Students who dream about attending Hogwarts School of Witchcraft and Wizardy, but are still waiting on one of those flakey owls to deliver their letters, might just find a home out from underneath the stairs and within the UCF Harry Potter club.

Hannah Pogue, a sophomore majoring in digital media and president-elect of the club, whose members call themselves Potterheads, said the organization welcomes fans of all extremities, including students who have only seen the films or those who have read all seven books “14, 17, 20 times.”

“We talk about the books and the movies. We have a lot of fun trivia games. We have activities like movie nights or board game nights and we’ll make wizard food like pumpkin pasties, butterbeer and cauldron cakes,” Pogue said.

Members of the club are sorted into houses and can earn house points through meeting attendance and competition performance in an attempt to win the coveted house cup.

Pogue also said, in addition to visiting Universal Orlando’s Wizarding World of Harry Potter, the group would love to attend LeakyCon, a Harry Potter convention that is coming to Orlando in 2014.
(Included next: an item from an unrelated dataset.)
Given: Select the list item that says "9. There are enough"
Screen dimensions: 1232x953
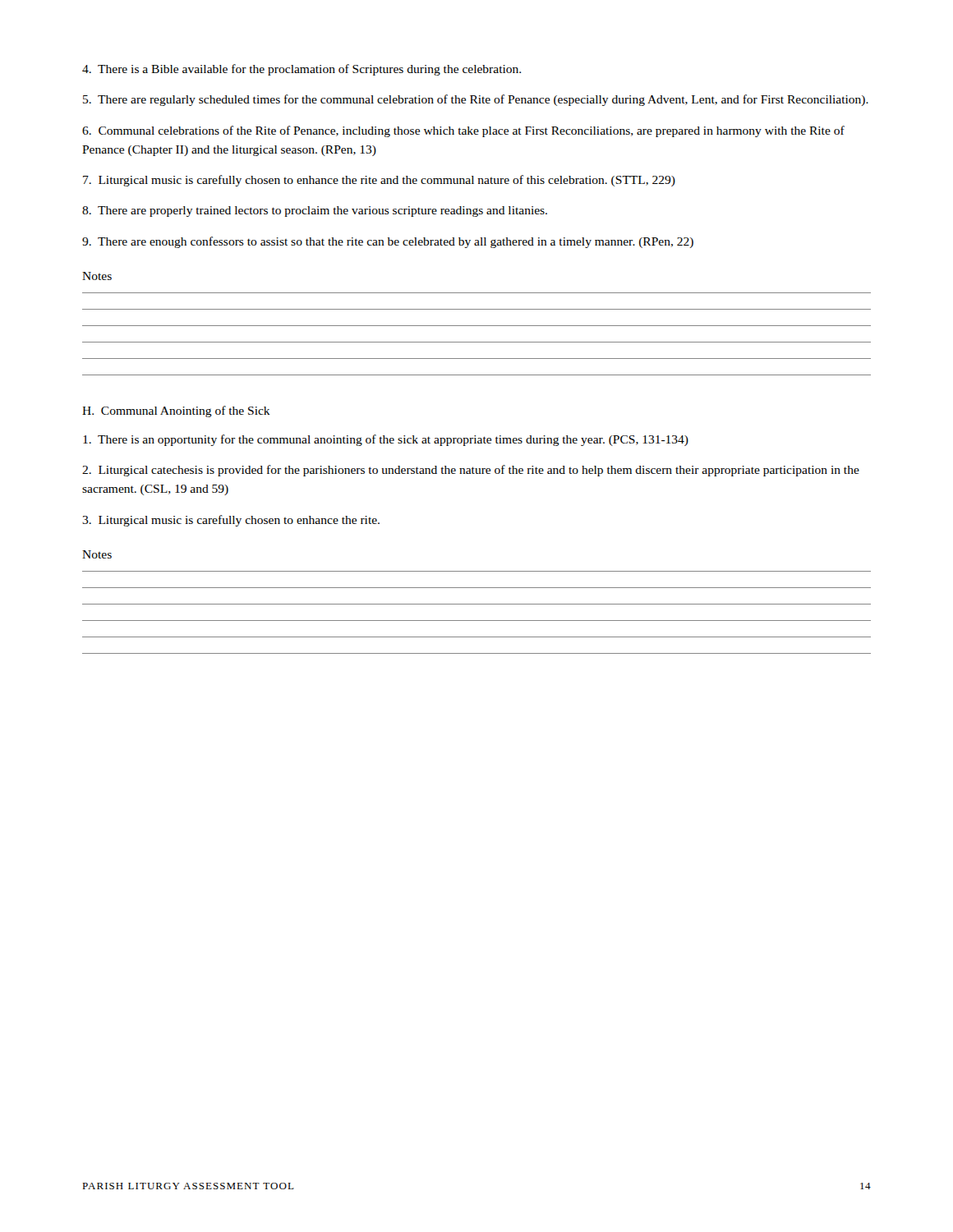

Already boasting a group of about 90, the club expects a spike in enrollment following the opening of Diagon Alley at Universal Orlando.

For students who found themselves chanting “Krum” or doing an Irish jig when the Bulgarians faced the Irish in the Quidditch World Cup, put down the football and pick up a broomstick — just be careful not to whack yourself in the head.

Allick Jorgensen, a junior majoring in advertising-public relations and president of the Quidditch Club, also known as the Nearly Headless Knights, said the club aims to bring the magical game made famous by J.K. Rowling to life.

“It is basically taking the sport that was created in that book and putting it to real life,” Allick said. “You run with a broom between your legs and throw quaffles through the hoops to score goals and throw bludgers at people to get them knocked off their brooms.”

But because this isn’t the Wizarding World, UCF quidditch players have to improvise. For bludgers the team uses dodgeballs, for the quaffle it subs in a volleyball, and the snitch is a player who is dressed in gold with a ball tethered to the back of his or her shorts.

“Although I read the books in high school for accelerated reader points, I was also on the football team, so I’m more in this for the sport than the actual Harry Potter portion of it,” Allick said.

The Nearly Headless Knights follow the International Quidditch Association rules, if you can believe there is such a thing.

Pulling the ball off of the snitch earns a team 30 points and each quaffle that makes it through the hoop is worth 10 points. Catching the snitch ends the game, but the winning team is determined by number of points.

The team might not include anyone who is about to defeat He-Who-Must-Not-Be-Named, but its members are giving back to the muggle community.

Allick said the team is looking forward to its service program, Kidditch, which introduces children interested in Harry Potter to the sport, as well as the Quidditch World Cup.

Other Potter fans can enjoy butterbeer and festivities at Shack-a-thon, an event sponsored by the Habitat for Humanity UCF chapter. The event takes place every spring and in spring 2013, the Nearly Headless Knights more money than any other organization.

Students looking for a fandom to call home, but perhaps with a little less cardio, can trade in a broomstick for a tardis.

Rakey Zuroff, a junior majoring in elementary education and vice president of WhoCF, said that club meetings consist of watching Dr. Who episodes, sometimes followed by discussions.